Monday, September 6

Dark Life

by Kat Falls
Scholastic  2010

A dystopic sci-fi hybrid of life between settlers who have gone to homestead the sea and the topsiders who remain on land in overcrowded conditions.  And a child shall lead them... 

Living and farming under the sea with his family, Ty cannot wait to turn 18 and claim a homestead of his own.  One of the first children born and raised entirely in the ocean, Ty's abilities and instincts seem almost super-human.  His skin has the sheen of luminescence from eating deep sea fish, but what of his being able to see and hear things others cannot?

The arrival of Gemma, a topsider and ward of the surviving Commonwealth, comes looking for her lost brother in order to become emancipated from the welfare system and so they can live happily as a family again.  She suspects he's gone prospecting which puts her in 16 year old Ty's world, a sort of a reverse of the fish out of water.

Additionally, there's a gang of criminals who have been stealing from the homesteaders, who have been supplying the topsiders with food grown in the ocean, creating a tense situation between all sides.  The homesteaders are charged with bringing in the undersea thugs or risk losing their supplies from the mainland, Gemma must find her brother, and Ty finds himself up to his neck in danger as it becomes clear that he possesses a Dark Gift that makes him either special... or a threat.

I have to admit that I guessed most of the twists in this story early on but was compelled to read onward for the descriptions of life under the sea.  Falls does a fun job of thinking through this world and making it seem plausible even in moments when I doubted the possibilities.  In a lot of ways it's no different than a story set on a Martian colony, except that it's based on Earth, in the ocean, and that's a subject I find intrinsically fascinating.  What would it be like to live under the water, to adapt to the environment, to suddenly have the other 70% of the world available to you to explore.  Yeah, yeah, ambiguities between good and bad guys, uh huh, strange new human superpowers, whatever, just give me more of what life is like under the sea!

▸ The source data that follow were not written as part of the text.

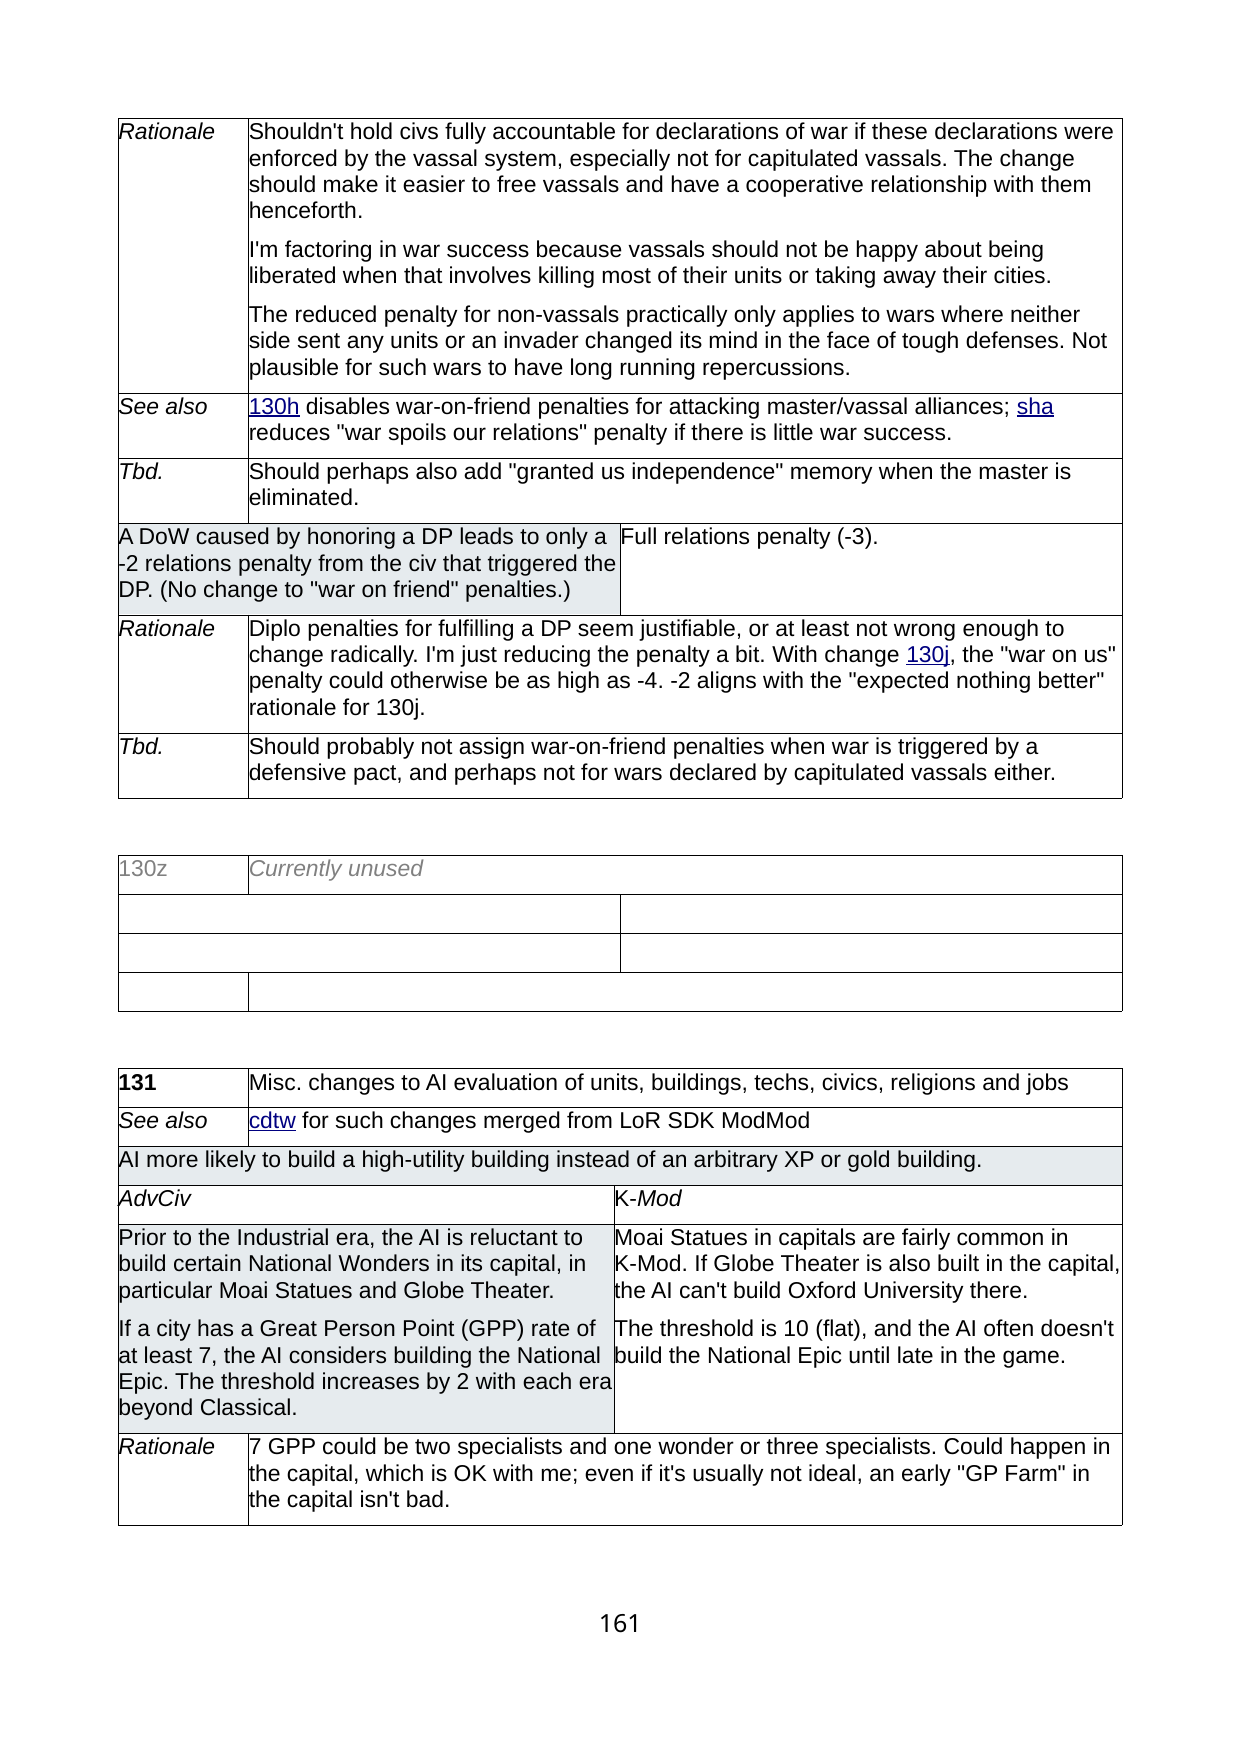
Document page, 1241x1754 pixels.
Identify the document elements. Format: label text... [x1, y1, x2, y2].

table_header 130z [119, 856, 248, 894]
table_cell [119, 973, 248, 1011]
table_cell Shouldn't hold civs fully accountable for declarations of war if these declarations were enforced by the vassal system, especially not for capitulated vassals. The change should make it easier to free vassals and have a cooperative relationship with them henceforth. I'm factoring in war success because vassals should not be happy about being liberated when that involves killing most of their units or taking away their cities. The reduced penalty for non-vassals practically only applies to wars where neither side sent any units or an invader changed its mind in the face of tough defenses. Not plausible for such wars to have long running repercussions. [249, 119, 1122, 393]
table_cell 130h disables war-on-friend penalties for attacking master/vassal alliances; sha reduces "war spoils our relations" penalty if there is little war success. [249, 394, 1122, 458]
table_cell [119, 895, 620, 933]
table_cell [621, 895, 1122, 933]
table_cell 7 GPP could be two specialists and one wonder or three specialists. Could happen in the capital, which is OK with me; even if it's usually not ideal, an early "GP Farm" in the capital isn't bad. [249, 1434, 1122, 1525]
table_cell Diplo penalties for fulfilling a DP seem justifiable, or at least not wrong enough to change radically. I'm just reducing the penalty a bit. With change 130j, the "war on us" penalty could otherwise be as high as -4. -2 aligns with the "expected nothing better" rationale for 130j. [249, 616, 1122, 732]
table_cell [119, 934, 620, 972]
table_cell See also [119, 1108, 248, 1146]
table_header Misc. changes to AI evaluation of units, buildings, techs, civics, religions and jobs [249, 1069, 1122, 1107]
table_cell Rationale [119, 616, 248, 732]
table_cell AI more likely to build a high-utility building instead of an arbitrary XP or gold building. [119, 1147, 1122, 1185]
table_cell A DoW caused by honoring a DP leads to only a -2 relations penalty from the civ that triggered the DP. (No change to "war on friend" penalties.) [119, 524, 620, 614]
table_cell [249, 973, 1122, 1011]
table_header 131 [119, 1069, 248, 1107]
table_cell See also [119, 394, 248, 458]
table_cell Tbd. [119, 734, 248, 798]
table_cell Prior to the Industrial era, the AI is reluctant to build certain National Wonders in its capital, in particular Moai Statues and Globe Theater. If a city has a Great Person Point (GPP) rate of at least 7, the AI considers building the National Epic. The threshold increases by 2 with each era beyond Classical. [119, 1225, 614, 1433]
table_cell Should perhaps also add "granted us independence" memory when the master is eliminated. [249, 459, 1122, 523]
table_cell Full relations penalty (-3). [621, 524, 1122, 614]
table_cell Rationale [119, 1434, 248, 1525]
table_cell Tbd. [119, 459, 248, 523]
table_cell Moai Statues in capitals are fairly common in K‑Mod. If Globe Theater is also built in the capital, the AI can't build Oxford University there. The threshold is 10 (flat), and the AI often doesn't build the National Epic until late in the game. [615, 1225, 1122, 1433]
table_cell AdvCiv [119, 1186, 614, 1224]
table_cell Rationale [119, 119, 248, 393]
table_header Currently unused [249, 856, 1122, 894]
table_cell [621, 934, 1122, 972]
table_cell K-Mod [615, 1186, 1122, 1224]
table_cell cdtw for such changes merged from LoR SDK ModMod [249, 1108, 1122, 1146]
table_cell Should probably not assign war-on-friend penalties when war is triggered by a defensive pact, and perhaps not for wars declared by capitulated vassals either. [249, 734, 1122, 798]

It doesn't come as a surprise that this has already been optioned for a movie – Falls is a professor of screenwriting, and the pacing of a feature film is all there.  Though to be honest the inevitability of the ending causes the action to feel drawn out because so much action has to be explained where in a film it would all flash by in visuals that take up much less time.  I'm starting to wonder if that isn't the actual root of the problem I have with a lot of kidlit being about 100 to 150 pages too long; that authors are writing more cinematically and in doing so find themselves given in to recording detail better handled in pre-production by set designers and special effects departments. 

The book is solidly middle grade, but I suspect that Hollywood will gear the movie toward an older teen audience much like they did with The Lightening Thief.  The book's strength is in it balance of politics and action (at least until the final action scenes) and if I could have hoped for more it would have been in understanding how and why it takes the homesteaders so long to have a teen boy explain to them why the topsiders need the frontiersmen and women more than the other way around.  But like I said, give me a story about humans colonizing the sea and I'll forgive it just about anything.

3 comments:

Anonymous said...

Dave I loved this book like I love my orange suede platforms, which is to say immoderately and with possibly too much forgiveness of flaws. Those shoes are NO GOOD for dancing, and I always try to dance in them.

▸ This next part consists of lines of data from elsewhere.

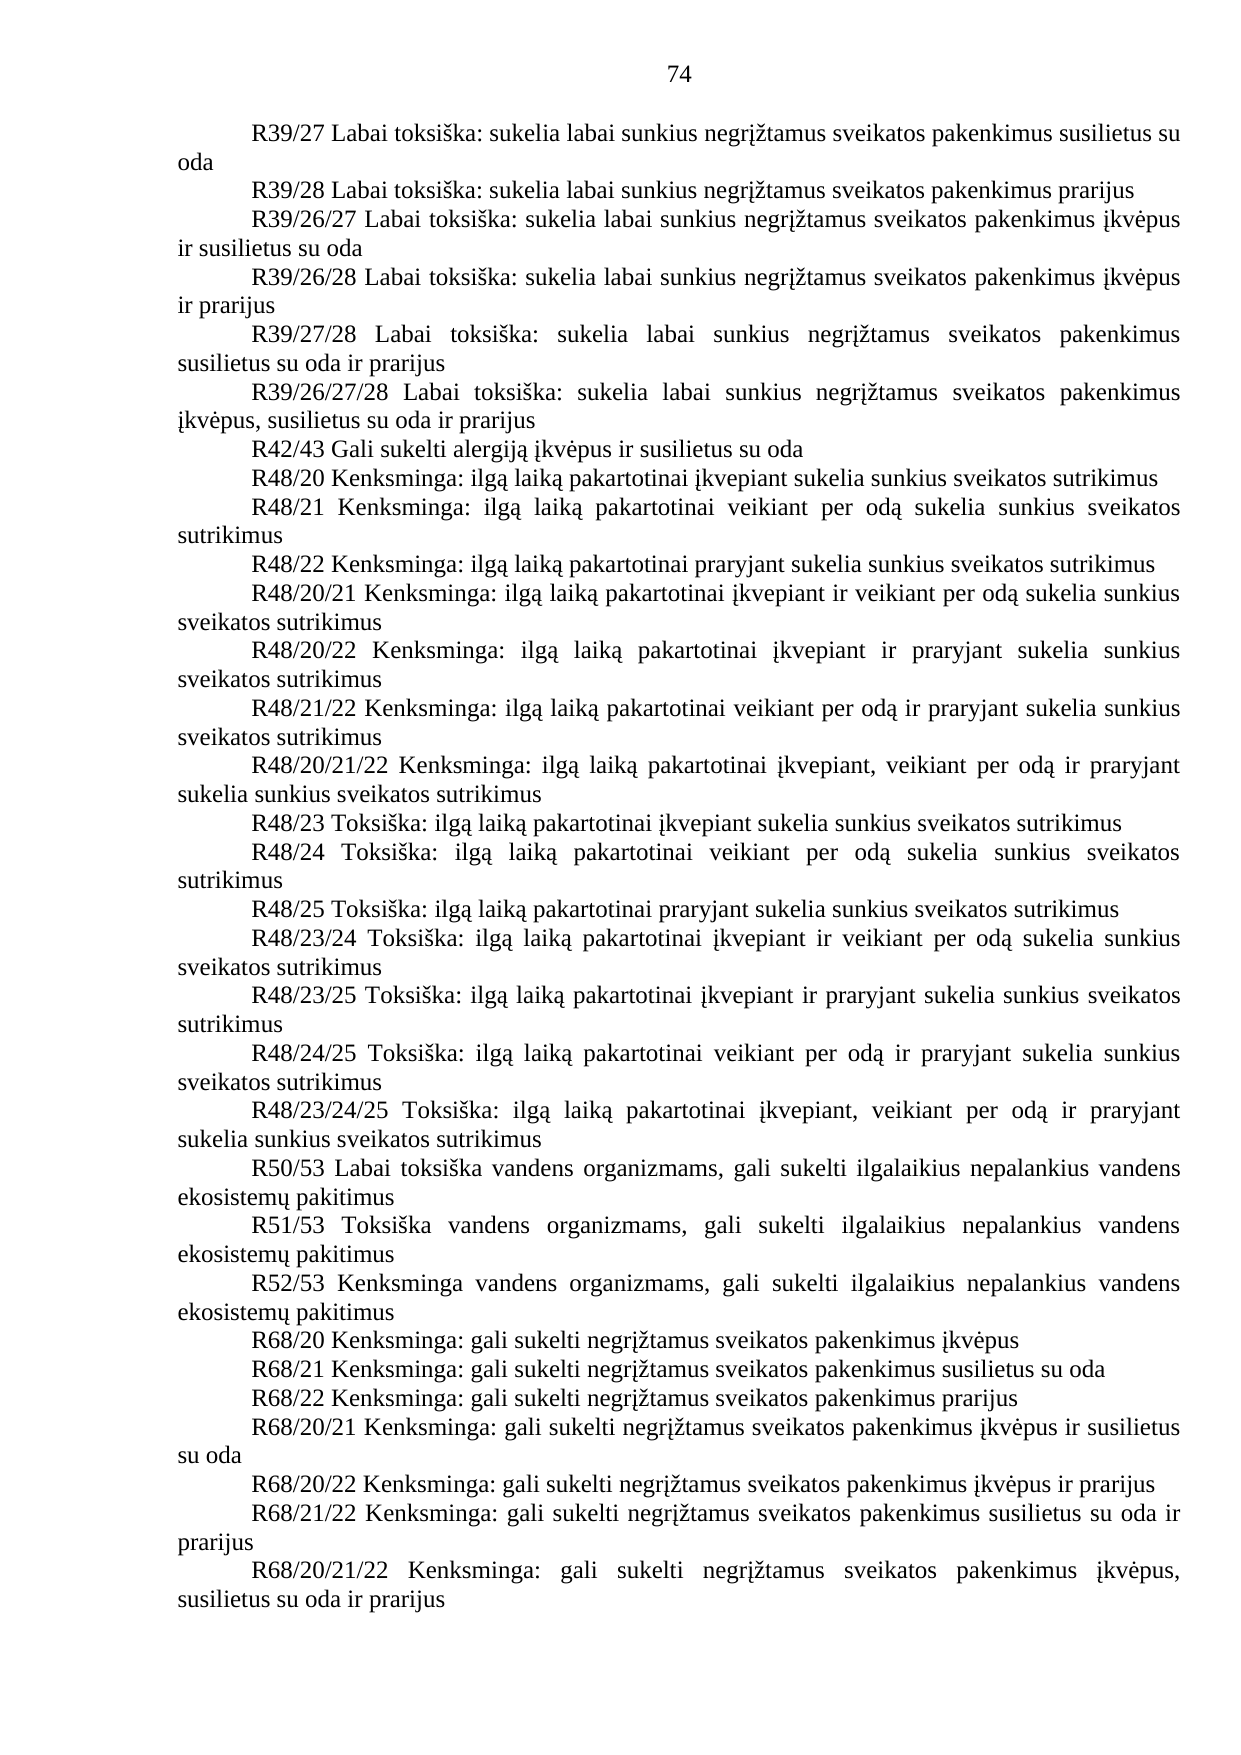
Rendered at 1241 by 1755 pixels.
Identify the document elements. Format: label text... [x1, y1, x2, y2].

text R51/53 Toksiška vandens organizmams, gali sukelti ilgalaikius nepalankius vandens ekosistemų pakitimus [177, 1211, 1181, 1268]
text R39/27 Labai toksiška: sukelia labai sunkius negrįžtamus sveikatos pakenkimus susilietus su oda [177, 118, 1181, 176]
text R68/20/21 Kenksminga: gali sukelti negrįžtamus sveikatos pakenkimus įkvėpus ir susilietus su oda [177, 1412, 1181, 1469]
text R39/28 Labai toksiška: sukelia labai sunkius negrįžtamus sveikatos pakenkimus prarijus [177, 176, 1181, 204]
text R48/22 Kenksminga: ilgą laiką pakartotinai praryjant sukelia sunkius sveikatos sutrikimus [177, 549, 1181, 578]
text R52/53 Kenksminga vandens organizmams, gali sukelti ilgalaikius nepalankius vandens ekosistemų pakitimus [177, 1268, 1181, 1326]
text R48/24/25 Toksiška: ilgą laiką pakartotinai veikiant per odą ir praryjant sukelia sunkius sveikatos sutrikimus [177, 1038, 1181, 1096]
text R48/21 Kenksminga: ilgą laiką pakartotinai veikiant per odą sukelia sunkius sveikatos sutrikimus [177, 492, 1181, 549]
text R39/26/27/28 Labai toksiška: sukelia labai sunkius negrįžtamus sveikatos pakenkimus įkvėpus, susilietus su oda ir prarijus [177, 377, 1181, 434]
text R68/20 Kenksminga: gali sukelti negrįžtamus sveikatos pakenkimus įkvėpus [177, 1326, 1181, 1354]
text R48/20 Kenksminga: ilgą laiką pakartotinai įkvepiant sukelia sunkius sveikatos sutrikimus [177, 463, 1181, 492]
text R68/21 Kenksminga: gali sukelti negrįžtamus sveikatos pakenkimus susilietus su oda [177, 1354, 1181, 1383]
text R48/23 Toksiška: ilgą laiką pakartotinai įkvepiant sukelia sunkius sveikatos sutrikimus [177, 808, 1181, 837]
text R68/22 Kenksminga: gali sukelti negrįžtamus sveikatos pakenkimus prarijus [177, 1383, 1181, 1412]
text R48/20/21/22 Kenksminga: ilgą laiką pakartotinai įkvepiant, veikiant per odą ir praryjant sukelia sunkius sveikatos sutrikimus [177, 751, 1181, 808]
text R68/21/22 Kenksminga: gali sukelti negrįžtamus sveikatos pakenkimus susilietus su oda ir prarijus [177, 1498, 1181, 1556]
text R50/53 Labai toksiška vandens organizmams, gali sukelti ilgalaikius nepalankius vandens ekosistemų pakitimus [177, 1153, 1181, 1211]
text R48/20/21 Kenksminga: ilgą laiką pakartotinai įkvepiant ir veikiant per odą sukelia sunkius sveikatos sutrikimus [177, 578, 1181, 636]
text R39/26/28 Labai toksiška: sukelia labai sunkius negrįžtamus sveikatos pakenkimus įkvėpus ir prarijus [177, 262, 1181, 319]
text R48/25 Toksiška: ilgą laiką pakartotinai praryjant sukelia sunkius sveikatos sutrikimus [177, 894, 1181, 923]
text R39/27/28 Labai toksiška: sukelia labai sunkius negrįžtamus sveikatos pakenkimus susilietus su oda ir prarijus [177, 319, 1181, 377]
text R48/24 Toksiška: ilgą laiką pakartotinai veikiant per odą sukelia sunkius sveikatos sutrikimus [177, 837, 1181, 894]
text R42/43 Gali sukelti alergiją įkvėpus ir susilietus su oda [177, 434, 1181, 463]
text R68/20/22 Kenksminga: gali sukelti negrįžtamus sveikatos pakenkimus įkvėpus ir prarijus [177, 1469, 1181, 1498]
text R39/26/27 Labai toksiška: sukelia labai sunkius negrįžtamus sveikatos pakenkimus įkvėpus ir susilietus su oda [177, 204, 1181, 262]
text R48/23/24 Toksiška: ilgą laiką pakartotinai įkvepiant ir veikiant per odą sukelia sunkius sveikatos sutrikimus [177, 923, 1181, 981]
text R48/21/22 Kenksminga: ilgą laiką pakartotinai veikiant per odą ir praryjant sukelia sunkius sveikatos sutrikimus [177, 693, 1181, 751]
text R48/23/25 Toksiška: ilgą laiką pakartotinai įkvepiant ir praryjant sukelia sunkius sveikatos sutrikimus [177, 981, 1181, 1038]
text R68/20/21/22 Kenksminga: gali sukelti negrįžtamus sveikatos pakenkimus įkvėpus, susilietus su oda ir prarijus [177, 1556, 1181, 1613]
text R48/23/24/25 Toksiška: ilgą laiką pakartotinai įkvepiant, veikiant per odą ir praryjant sukelia sunkius sveikatos sutrikimus [177, 1096, 1181, 1153]
text R48/20/22 Kenksminga: ilgą laiką pakartotinai įkvepiant ir praryjant sukelia sunkius sveikatos sutrikimus [177, 636, 1181, 693]

You are right, there is a lot that's formulaic in Dark Life, but I feel like the formulaic aspects - such as having the kid arrive at an understanding of the politics between above and below rather than the adults - have a kind of classic appeal. Every kid wants to feel smarter than the grownups, and I thought bringing the reader along with his thought process was an empowering aspect, injected an a-ha moment into a book that was mostly oh shit! moments.

Looking forward to judging GNs with you for Cybils! Were we both panelists 2 years ago?

david elzey said...

orange suede platforms? seriously? i would love to see those some day.

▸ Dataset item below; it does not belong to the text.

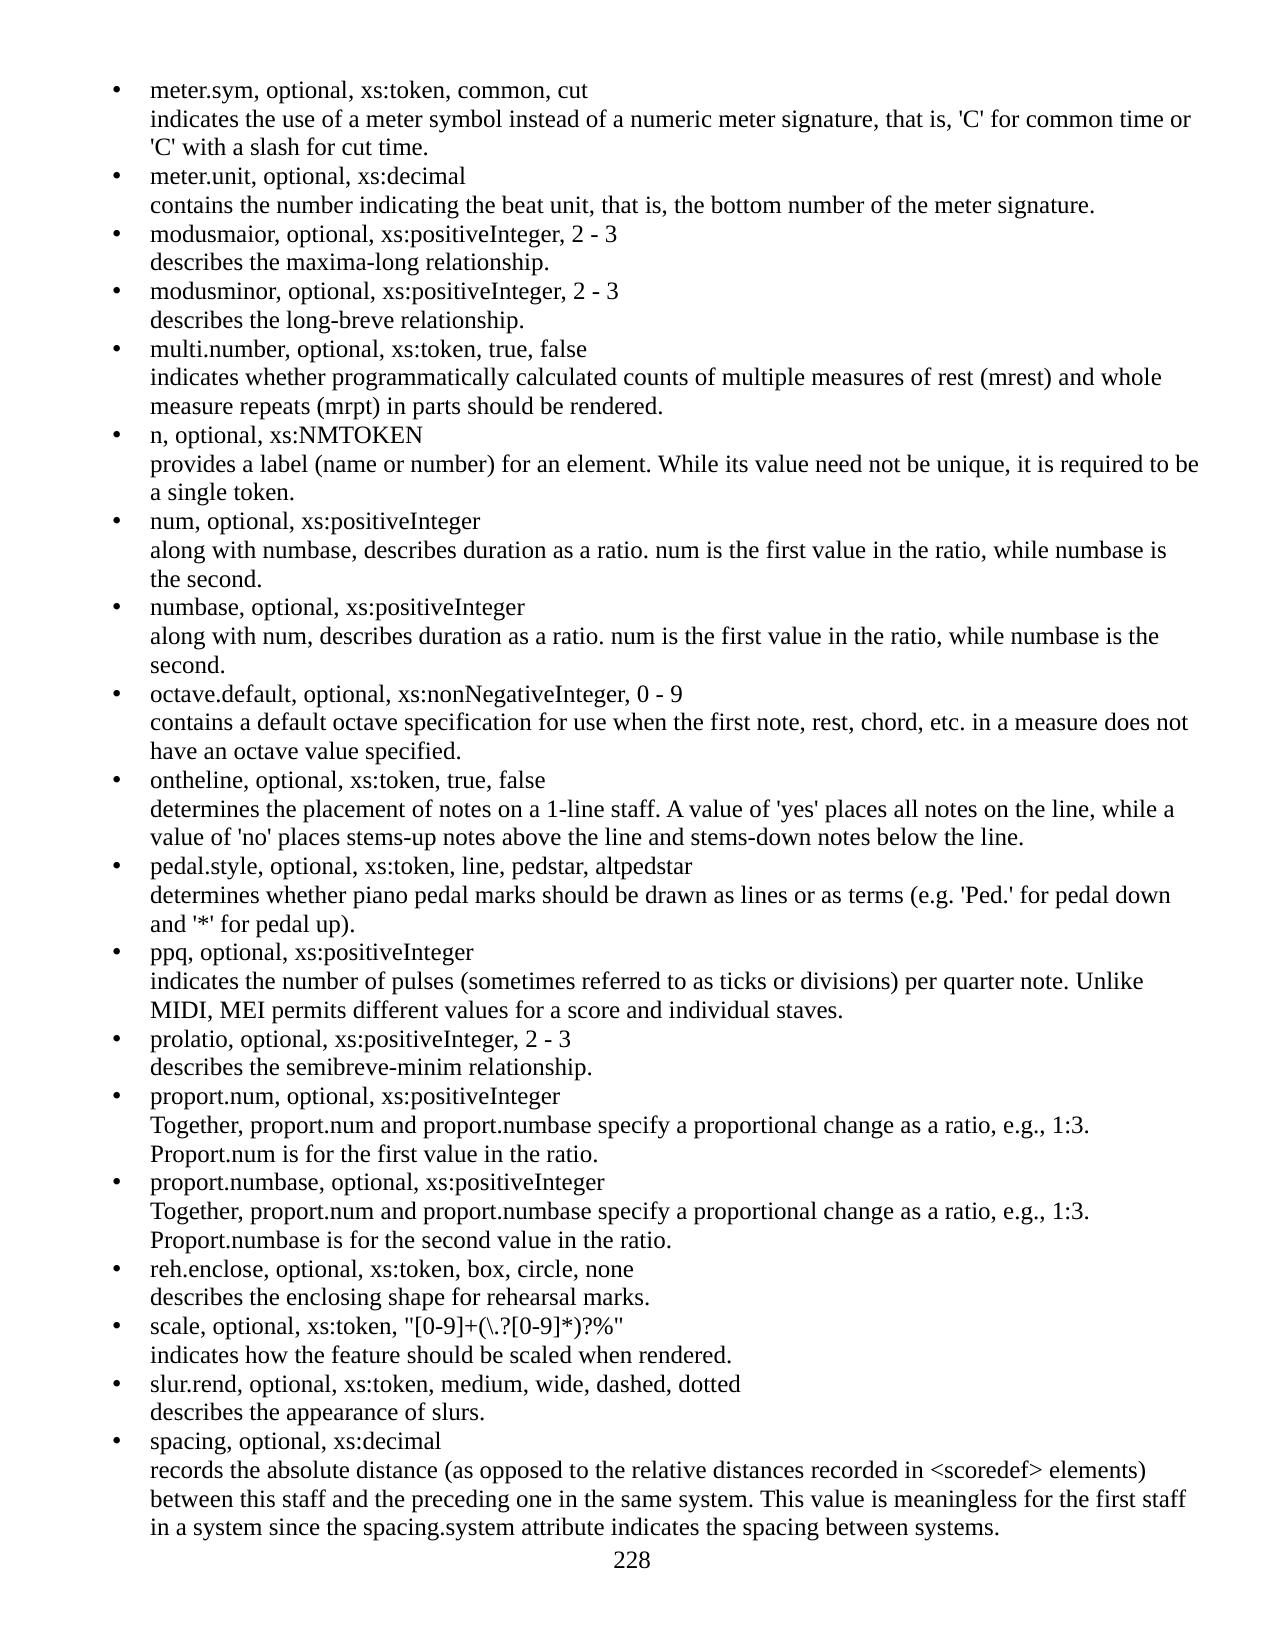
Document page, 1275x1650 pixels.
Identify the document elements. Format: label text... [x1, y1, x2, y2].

i'm not generally a big fan of the idea that kids want to feel smarter than grown-ups; i think what they really want (and what's harder to do, which is why most writers don't attempt it) is to feel like they're a part of the adult world, or an equal force in the world in general. whether anxious to be seen as mature or arrogant in believing they know everything, these are the true sources of conflict in their lives as opposed to the "stupid adults" who tend to populate kids books.

as for the cybils, i did middle grade last year and that was fun, but i'm looking forward to dipping deep into graphic novels again.

Anonymous said...

"smarter than" was a clumsy way to put it... I agree with you more than disagree, and I'm pretty glad Kat Falls stopped short of writing 'stupid adults'. (except for the bad guy, and I do give people leeway with bad guys).

I think, at least in this case, that the rather sophisticated concepts involved in producer vs consumer economies kind of had to come out of the kid's mouth, else many readers might have glazed over.